Llegué al Centro de Ocio a media tarde y me pareció entrar en un oasis. Después de hostales, cabañas, polvo, carretera, sudor, mochila, barritas energéticas,…aquel lugar exquisito, detallista, inmaculado, me provocó un impacto sensorial de primer orden.

No tenían clientes hasta fin de año, que reabren a lo grande, con un lleno total, y con nuevas instalaciones que terminan, frenéticamente, estos días.

Yo esperaba acomodarme en cualquier sitio, como una visita discreta, pero en realidad me trataron como una cliente vip. Mi habitación preparadísima con sábanas de mil hilos para el cuerpo cansado, el set de cosmética para mi piel reseca y unas vistas sobre el fiordo de Castro para no poder dormir.

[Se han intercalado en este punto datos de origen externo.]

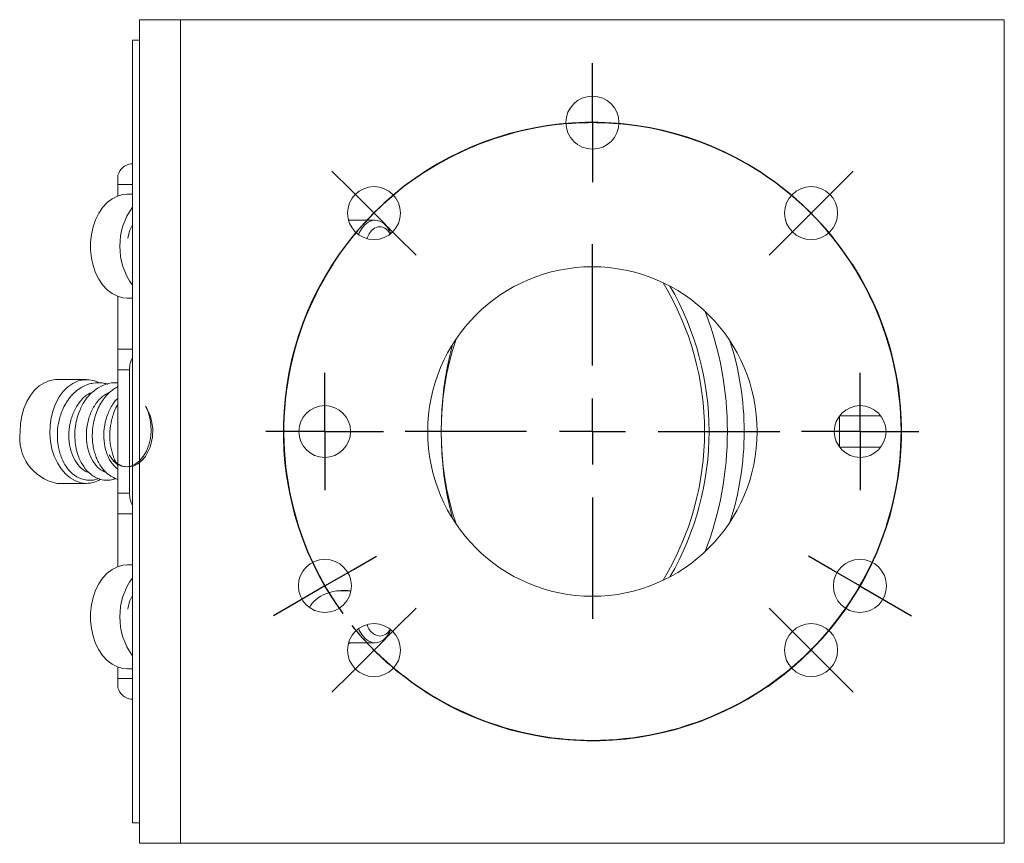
# Model space of a CAD drawing. Header units: inches. Extents: x 2 to 20.4, y 2.7 to 14.7.
# Tile 6 of 6: x 17.4 to 20.4, y 7.7 to 10.2. Entities that reach past the tile are written whole.
import ezdxf

# ---------------------------------------------------------------- set-up
doc = ezdxf.new("R2010")
doc.units = ezdxf.units.IN
doc.header["$MEASUREMENT"] = 0
doc.layers.add('SLD-0', color=7, linetype='Continuous')

# ---------------------------------------------------------------- blocks, each defined once
blk = doc.blocks.new('SW_CENTERMARKSYMBOL_8')
at = {"layer": 'SLD-0', "color": 0}
for p, q in [((0, 0.1), (0, 0.1805)), ((0, 0), (0, 0.1)), ((0, 0), (0, -0.1)), ((0, -0.1), (0, -0.1805)), ((-0.7336, -0.2039), (-0.7905, -0.147)), ((0.7344, -0.2039), (0.7913, -0.147)), ((-0.6629, -0.2746), (-0.7336, -0.2039)), ((0.6636, -0.2746), (0.7344, -0.2039)), ((-0.6629, -0.2746), (-0.5922, -0.3453)), ((0.6636, -0.2746), (0.5929, -0.3453)), ((-0.5922, -0.3453), (-0.5353, -0.4022)), ((0.5929, -0.3453), (0.5359, -0.4022)), ((0, -0.7375), (0, -0.3688)), ((0, -0.9375), (0, -0.8375)), ((-0.2, -0.9375), (-0.5687, -0.9375)), ((0, -0.9375), (-0.1, -0.9375)), ((0, -0.9375), (0, -1.0375)), ((0, -0.9375), (0.1, -0.9375)), ((0.2, -0.9375), (0.5687, -0.9375)), ((0, -1.1375), (0, -1.5063)), ((-0.7253, -1.3562), (-0.6556, -1.316)), ((0.7253, -1.3562), (0.6556, -1.316)), ((-0.8119, -1.4062), (-0.7253, -1.3562)), ((0.8119, -1.4062), (0.7253, -1.3562)), ((-0.8119, -1.4062), (-0.8985, -1.4563)), ((0.8119, -1.4062), (0.8985, -1.4563)), ((-0.8985, -1.4563), (-0.9682, -1.4965)), ((0.8985, -1.4563), (0.9682, -1.4965)), ((-0.5922, -1.5304), (-0.5353, -1.4734)), ((0.5929, -1.5304), (0.536, -1.4735)), ((-0.6629, -1.6011), (-0.5922, -1.5304)), ((0.6636, -1.6011), (0.5929, -1.5304)), ((-0.6629, -1.6011), (-0.7336, -1.6719)), ((0.6636, -1.6011), (0.7343, -1.6718)), ((-0.7336, -1.6719), (-0.7905, -1.7288)), ((0.7343, -1.6718), (0.7913, -1.7288))]:
    blk.add_line(p, q, dxfattribs=at)
for radius, start, end in [(0.938, 57.186, 212.814), (0.9375, 90, 96.1115), (0.9375, 83.8885, 90), (0.9375, 102.2231, 122.7769), (0.9375, 342.2231, 77.7769), (0.9375, 128.8885, 135), (0.938, 44.9695, 51.0777), (0.9375, 135, 141.1115), (0.938, 38.8612, 44.9695), (0.9375, 147.2231, 197.7769), (0.938, 237.2471, 32.7529), (0.9375, 203.8885, 210), (0.9375, 330, 336.1115), (0.9375, 210, 216.1115), (0.9375, 323.8885, 330), (0.9385, 321.105, 326.0196), (0.938, 218.9223, 225.0305), (0.9385, 315, 321.105), (0.9375, 222.2231, 317.7769), (0.938, 225.0305, 231.1388), (0.9385, 308.895, 315), (0.9385, 303.9804, 308.895)]:
    blk.add_arc((0, -0.9375), radius, start, end, dxfattribs=at)
blk = doc.blocks.new('SW_CENTERMARKSYMBOL_9')
at = {"layer": 'SLD-0', "color": 0}
for p, q in [((0, 0.1), (0, 0.1785)), ((0, 0), (0, 0.1)), ((-0.1, 0), (-0.1785, 0)), ((0, 0), (-0.1, 0)), ((0, 0), (0, -0.1)), ((0, 0), (0.1, 0)), ((0.1, 0), (0.1785, 0)), ((0, -0.1), (0, -0.1785))]:
    blk.add_line(p, q, dxfattribs=at)
blk = doc.blocks.new('SW_CENTERMARKSYMBOL_10')
at = {"layer": 'SLD-0', "color": 0}
for p, q in [((0, 0.1), (0, 0.1785)), ((0, 0), (0, 0.1)), ((-0.1, 0), (-0.1785, 0)), ((0, 0), (-0.1, 0)), ((0, 0), (0, -0.1)), ((0, 0), (0.1, 0)), ((0.1, 0), (0.1785, 0)), ((0, -0.1), (0, -0.1785))]:
    blk.add_line(p, q, dxfattribs=at)

msp = doc.modelspace()

# ---------------------------------------------------------------- linework, layer by layer
at = {"color": 7, "linetype": 'Continuous', "lineweight": 15}
for p, q in [((17.7694, 7.6618), (17.7694, 10.1618)), ((17.8945, 10.1618), (17.7694, 10.1618)), ((17.8945, 7.6618), (17.8945, 10.1618)), ((20.3944, 10.1618), (17.8945, 10.1618)), ((20.3944, 7.6618), (20.3944, 10.1618)), ((17.7486, 7.7243), (17.7486, 10.0993)), ((17.7486, 10.0993), (17.7694, 10.0993)), ((17.744, 9.7243), (17.7486, 9.7243)), ((17.7044, 9.6896), (17.7044, 9.6618)), ((17.7044, 9.6618), (17.7044, 9.6269)), ((17.7044, 9.6618), (17.7486, 9.6618)), ((17.7486, 9.6318), (17.7321, 9.6318)), ((18.4846, 9.5531), (18.4039, 9.5531)), ((17.7044, 9.3218), (17.7044, 9.1618)), ((17.7321, 9.3168), (17.7486, 9.3168)), ((17.7044, 9.1618), (17.7044, 9.0993)), ((17.7044, 9.1618), (17.7486, 9.1618)), ((17.7044, 9.0993), (17.7044, 8.7243)), ((17.7044, 9.0993), (17.7398, 9.0993)), ((17.7398, 8.7243), (17.7398, 9.0993)), ((17.609, 9.0693), (17.5189, 9.0693)), ((19.8944, 8.9593), (20.0194, 8.9593)), ((19.8944, 8.9593), (19.8944, 8.8643)), ((20.0194, 8.8643), (19.8944, 8.8643)), ((17.5189, 8.7543), (17.609, 8.7543)), ((17.7044, 8.7243), (17.7398, 8.7243)), ((17.7044, 8.7243), (17.7044, 8.6618)), ((17.7044, 8.6618), (17.7486, 8.6618)), ((17.7044, 8.6618), (17.7044, 8.5019)), ((17.7486, 8.5068), (17.7321, 8.5068)), ((18.4116, 8.4281), (18.3681, 8.4281)), ((18.4041, 8.2706), (18.4846, 8.2706)), ((17.7044, 8.1968), (17.7044, 8.1618)), ((17.7321, 8.1918), (17.7486, 8.1918)), ((17.7044, 8.1618), (17.7044, 8.1341)), ((17.7044, 8.1618), (17.7486, 8.1618)), ((17.744, 8.0993), (17.7486, 8.0993)), ((17.7486, 7.7243), (17.7694, 7.7243)), ((17.8945, 7.6618), (17.7694, 7.6618)), ((20.3944, 7.6618), (17.8945, 7.6618))]:
    msp.add_line(p, q, dxfattribs=at)
at = {"color": 7, "linetype": 'Continuous', "lineweight": 15, "flags": 128}
for points in [[(17.7321, 9.6318), (17.7193, 9.6308), (17.7026, 9.6262), (17.6865, 9.618), (17.6716, 9.6065), (17.658, 9.5919), (17.6462, 9.5745), (17.6364, 9.5548), (17.6288, 9.5332), (17.6237, 9.5102), (17.6211, 9.4864), (17.6211, 9.4623), (17.6237, 9.4384), (17.6288, 9.4155), (17.6364, 9.3938), (17.6462, 9.3741), (17.658, 9.3568), (17.6716, 9.3421), (17.6865, 9.3306), (17.7026, 9.3225), (17.7193, 9.3179), (17.7321, 9.3168)], [(18.4347, 9.5092), (18.4369, 9.5149), (18.4442, 9.5285), (18.4533, 9.5395), (18.464, 9.5475), (18.4756, 9.552), (18.4876, 9.5529), (18.4995, 9.5502), (18.5107, 9.5439), (18.5206, 9.5343), (18.5289, 9.522), (18.5328, 9.5136)], [(18.4604, 9.497), (18.4611, 9.4993), (18.4667, 9.5118), (18.4743, 9.5218), (18.4834, 9.5289), (18.4935, 9.5326), (18.5039, 9.5326), (18.514, 9.5289), (18.5231, 9.5218), (18.5307, 9.5118), (18.531, 9.5113)], [(17.4075, 8.9118), (17.4088, 8.9359), (17.4127, 8.9593), (17.4191, 8.9817), (17.4278, 9.0024), (17.4386, 9.021), (17.4514, 9.0371), (17.4657, 9.0502), (17.4812, 9.06), (17.4977, 9.0664), (17.5146, 9.0692), (17.5189, 9.0693)], [(17.609, 8.7543), (17.592, 8.7562), (17.5754, 8.7617), (17.5596, 8.7707), (17.545, 8.783), (17.5318, 8.7984), (17.5205, 8.8164), (17.5112, 8.8366), (17.5042, 8.8586), (17.4997, 8.8818), (17.4978, 8.9058), (17.4984, 8.9299), (17.5016, 8.9536), (17.5074, 8.9762), (17.5156, 8.9974), (17.5259, 9.0166), (17.5382, 9.0333), (17.5521, 9.0472), (17.5674, 9.0579), (17.5837, 9.0652), (17.6005, 9.0688), (17.6175, 9.0688), (17.6344, 9.0652), (17.6457, 9.0605)], [(17.6906, 8.8244), (17.6903, 8.8225), (17.7021, 8.8125), (17.7152, 8.8064), (17.7291, 8.8043), (17.7432, 8.8064), (17.757, 8.8125), (17.7698, 8.8224), (17.7812, 8.8358), (17.7908, 8.852), (17.7981, 8.8706), (17.803, 8.8908), (17.8052, 8.9118), (17.8047, 8.9328), (17.8015, 8.9529), (17.7958, 8.9715), (17.7879, 8.9878), (17.7879, 8.9878), (17.7879, 8.9878), (17.7879, 8.9878), (17.7879, 8.9878), (17.7879, 8.9878), (17.7879, 8.9878), (17.7879, 8.9878), (17.788, 8.9877), (17.7882, 8.9875), (17.7889, 8.9863), (17.7919, 8.9817), (17.7964, 8.9735), (17.8017, 8.961), (17.8067, 8.9437), (17.8099, 8.9212), (17.8091, 8.8942), (17.8024, 8.8645), (17.7879, 8.8358), (17.7774, 8.8235), (17.7649, 8.8135), (17.7506, 8.8069), (17.7349, 8.8043), (17.7184, 8.8066), (17.702, 8.8144), (17.6867, 8.8278), (17.6773, 8.8414)], [(17.7321, 8.5068), (17.7193, 8.5058), (17.7026, 8.5012), (17.6865, 8.493), (17.6716, 8.4815), (17.658, 8.4669), (17.6462, 8.4495), (17.6364, 8.4298), (17.6288, 8.4082), (17.6237, 8.3852), (17.6211, 8.3614), (17.6211, 8.3373), (17.6237, 8.3134), (17.6288, 8.2905), (17.6364, 8.2688), (17.6462, 8.2491), (17.658, 8.2318), (17.6716, 8.2171), (17.6865, 8.2056), (17.7026, 8.1975), (17.7193, 8.1929), (17.7321, 8.1918)], [(18.5327, 8.3097), (18.5289, 8.3017), (18.5206, 8.2893), (18.5107, 8.2798), (18.4995, 8.2735), (18.4876, 8.2707), (18.4756, 8.2716), (18.464, 8.2762), (18.4533, 8.2842), (18.4442, 8.2952), (18.4369, 8.3087), (18.4349, 8.3138)]]:
    msp.add_lwpolyline(points, dxfattribs=at)
at = {"color": 7, "linetype": 'Continuous', "lineweight": 15}
for centre, radius in [((19.1444, 9.8493), 0.0805), ((18.4815, 9.5747), 0.0805), ((19.808, 9.5747), 0.0805), ((19.1444, 8.9118), 0.5), ((18.3319, 8.9118), 0.0785), ((19.9569, 8.9118), 0.0785), ((18.3325, 8.4431), 0.0805), ((19.9563, 8.4431), 0.0805), ((18.4815, 8.2482), 0.0805), ((19.808, 8.2482), 0.0805)]:
    msp.add_circle(centre, radius, dxfattribs=at)
for centre, radius, start, end in [((17.7489, 9.6789), 0.0457, 96.098, 166.435), ((17.9108, 9.4743), 0.2007, 143.9178, 216.0822), ((18.6101, 8.9118), 0.8746, 328.9118, 31.0882), ((18.6187, 8.9118), 0.8797, 329.903, 30.097), ((18.5333, 8.9118), 1.0207, 339.081, 20.919), ((19.5784, 8.9118), 0.8931, 161.6794, 198.3206), ((19.7255, 8.9118), 1.0401, 165.3388, 194.6612), ((18.7252, 8.9146), 0.8796, 359.8167, 18.0952), ((17.8195, 9.1003), 0.0797, 152.7538, 180.7206), ((17.5474, 8.8926), 0.1412, 172.1899, 258.3389), ((18.7252, 8.909), 0.8796, 341.9048, 0.1833), ((17.6083, 8.8387), 0.0843, 270.5118, 299.9315), ((17.8195, 8.7233), 0.0797, 179.2794, 207.2462), ((17.9108, 8.3493), 0.2007, 143.9178, 216.0822), ((18.5049, 8.3354), 0.0452, 192.0653, 262.2015), ((18.4958, 8.3297), 0.0392, 274.2632, 333.0255), ((17.7489, 8.1448), 0.0457, 193.565, 263.902)]:
    msp.add_arc(centre, radius, start, end, dxfattribs=at)
for centre, start_param, end_param in [((18.3918, 9.4743), 4.502906, 4.608525), ((18.3918, 8.3493), 4.536787, 5.921105), ((18.3918, 8.3493), 1.676356, 1.780279)]:
    msp.add_ellipse(centre, major_axis=(-0.1138, 0), ratio=0.707107, start_param=start_param, end_param=end_param, dxfattribs=at)
for points, knots in [([(17.7486, 9.539), (17.7457, 9.5338), (17.7387, 9.5213), (17.736, 9.5063), (17.7344, 9.4974)], [0, 0, 0, 0, 0.410955, 1, 1, 1, 1]), ([(17.6739, 9.0552), (17.6732, 9.0555), (17.6676, 9.0576), (17.6525, 9.06), (17.6334, 9.06), (17.6141, 9.0553), (17.5978, 9.0486), (17.5799, 9.0372), (17.5628, 9.0211), (17.5486, 9.0021), (17.5381, 8.9826), (17.5306, 8.9636), (17.5239, 8.9399), (17.5197, 8.9103), (17.5208, 8.8811), (17.5246, 8.8589), (17.5291, 8.8423), (17.5357, 8.8252), (17.5452, 8.8075), (17.5584, 8.7905), (17.5747, 8.7766), (17.5924, 8.7677), (17.6097, 8.7636), (17.6257, 8.7639), (17.6374, 8.7655), (17.6431, 8.7686), (17.6446, 8.7694)], [0, 0, 0, 0, 0.005607, 0.039868, 0.102821, 0.134829, 0.173541, 0.220635, 0.272752, 0.320787, 0.364309, 0.403433, 0.438392, 0.505232, 0.571456, 0.604437, 0.637725, 0.675203, 0.717941, 0.766101, 0.818809, 0.868184, 0.912395, 0.951948, 0.988076, 1, 1, 1, 1]), ([(17.7044, 9.0592), (17.701, 9.0595), (17.6855, 9.0607), (17.664, 9.055), (17.6421, 9.0435), (17.6277, 9.0324), (17.6156, 9.0203), (17.606, 9.008), (17.5976, 8.9948), (17.5896, 8.9791), (17.582, 8.9591), (17.5759, 8.9344), (17.573, 8.9066), (17.5741, 8.879), (17.5784, 8.8546), (17.5847, 8.8346), (17.5921, 8.8184), (17.6034, 8.7998), (17.6178, 8.7841), (17.6357, 8.7722), (17.6522, 8.7656), (17.6704, 8.7631), (17.6861, 8.7646), (17.6948, 8.768), (17.6978, 8.7691)], [0, 0, 0, 0, 0.024577, 0.110997, 0.154412, 0.196584, 0.23408, 0.266772, 0.296725, 0.332918, 0.376418, 0.427225, 0.485263, 0.54259, 0.593727, 0.638733, 0.677637, 0.712321, 0.788077, 0.830154, 0.876279, 0.926535, 0.975268, 1, 1, 1, 1]), ([(17.6264, 9.0306), (17.6217, 9.0287), (17.6078, 9.0231), (17.5881, 9.003), (17.5695, 8.9729), (17.558, 8.937), (17.5542, 8.8991), (17.5582, 8.8624), (17.5695, 8.8296), (17.587, 8.8048), (17.6034, 8.7905), (17.6138, 8.7886), (17.6161, 8.7882)], [0, 0, 0, 0, 0.05699, 0.170646, 0.284301, 0.397945, 0.51159, 0.625246, 0.738901, 0.852545, 0.96619, 1, 1, 1, 1]), ([(17.6829, 9.0334), (17.6741, 9.0288), (17.6562, 9.0196), (17.6342, 8.9938), (17.6178, 8.9614), (17.6089, 8.9245), (17.6077, 8.8866), (17.6142, 8.8508), (17.6278, 8.8205), (17.6466, 8.7974), (17.6619, 8.7904), (17.6695, 8.787)], [0, 0, 0, 0, 0.108561, 0.220224, 0.331897, 0.443569, 0.55523, 0.666893, 0.778566, 0.890238, 1, 1, 1, 1]), ([(17.7044, 9.048), (17.7033, 9.0475), (17.6975, 9.0448), (17.6873, 9.0376), (17.6739, 9.0261), (17.661, 9.011), (17.6493, 8.9929), (17.6396, 8.9723), (17.6323, 8.9494), (17.6277, 8.9253), (17.6262, 8.9016), (17.6272, 8.8799), (17.6302, 8.8609), (17.6345, 8.8444), (17.6401, 8.8291), (17.6476, 8.8138), (17.658, 8.7983), (17.6712, 8.7841), (17.6863, 8.7737), (17.6976, 8.7682), (17.7036, 8.7669), (17.7044, 8.7668)], [0, 0, 0, 0, 0.012127, 0.059993, 0.113506, 0.172088, 0.232992, 0.295809, 0.360597, 0.427438, 0.492129, 0.551023, 0.604163, 0.651596, 0.695667, 0.745966, 0.803683, 0.868984, 0.933864, 0.991068, 1, 1, 1, 1]), ([(17.7044, 9.012), (17.7037, 9.0115), (17.6946, 9.0046), (17.6813, 8.9831), (17.667, 8.9495), (17.6606, 8.9118), (17.6621, 8.8742), (17.6711, 8.8401), (17.6856, 8.8127), (17.6985, 8.802), (17.7044, 8.7971)], [0, 0, 0, 0, 0.012008, 0.156407, 0.300809, 0.445224, 0.589638, 0.734038, 0.878439, 1, 1, 1, 1]), ([(17.7045, 8.995), (17.7023, 8.9913), (17.6968, 8.9819), (17.6904, 8.9656), (17.6834, 8.9419), (17.679, 8.9122), (17.6799, 8.8772), (17.6857, 8.849), (17.694, 8.8272), (17.6995, 8.8152), (17.7036, 8.8098), (17.7038, 8.8095)], [0, 0, 0, 0, 0.067003, 0.170766, 0.263386, 0.438676, 0.612326, 0.785273, 0.882048, 0.992568, 1, 1, 1, 1]), ([(17.7486, 8.414), (17.7457, 8.4088), (17.7387, 8.3963), (17.736, 8.3813), (17.7344, 8.3724)], [0, 0, 0, 0, 0.410955, 1, 1, 1, 1])]:
    msp.add_open_spline(points, degree=3, knots=knots, dxfattribs=at)

# ---------------------------------------------------------------- block references
at = {"layer": 'SLD-0', "color": 7}
for name, p in [('SW_CENTERMARKSYMBOL_8', (19.1444, 9.8493)), ('SW_CENTERMARKSYMBOL_9', (18.3319, 8.9118)), ('SW_CENTERMARKSYMBOL_10', (19.9569, 8.9118))]:
    msp.add_blockref(name, p, dxfattribs=at)

doc.saveas('drawing.dxf')

El chef, Carlos y las camareras, en sus puestos durante el desayuno y la cena, como si el salón estuviera lleno de gente. La calidez de un hogar y el servicio de un 5 estrellas. Una combinación poderosa, que agradecí compartir con nuevos huéspedes, que empezaron a llegar al día siguiente.

Cristian, el director del centro, me dejó en manos de Yonni, el administrador y responsable de la operativa de todo el proyecto.  Mi anfitrión, a medio camino entre lo profesional y lo familiar, con su presencia constante y discreta, me explicó detalle a detalle, el proceso de desarrollo de todo este mundo, que resulta ser algo más que un hotel.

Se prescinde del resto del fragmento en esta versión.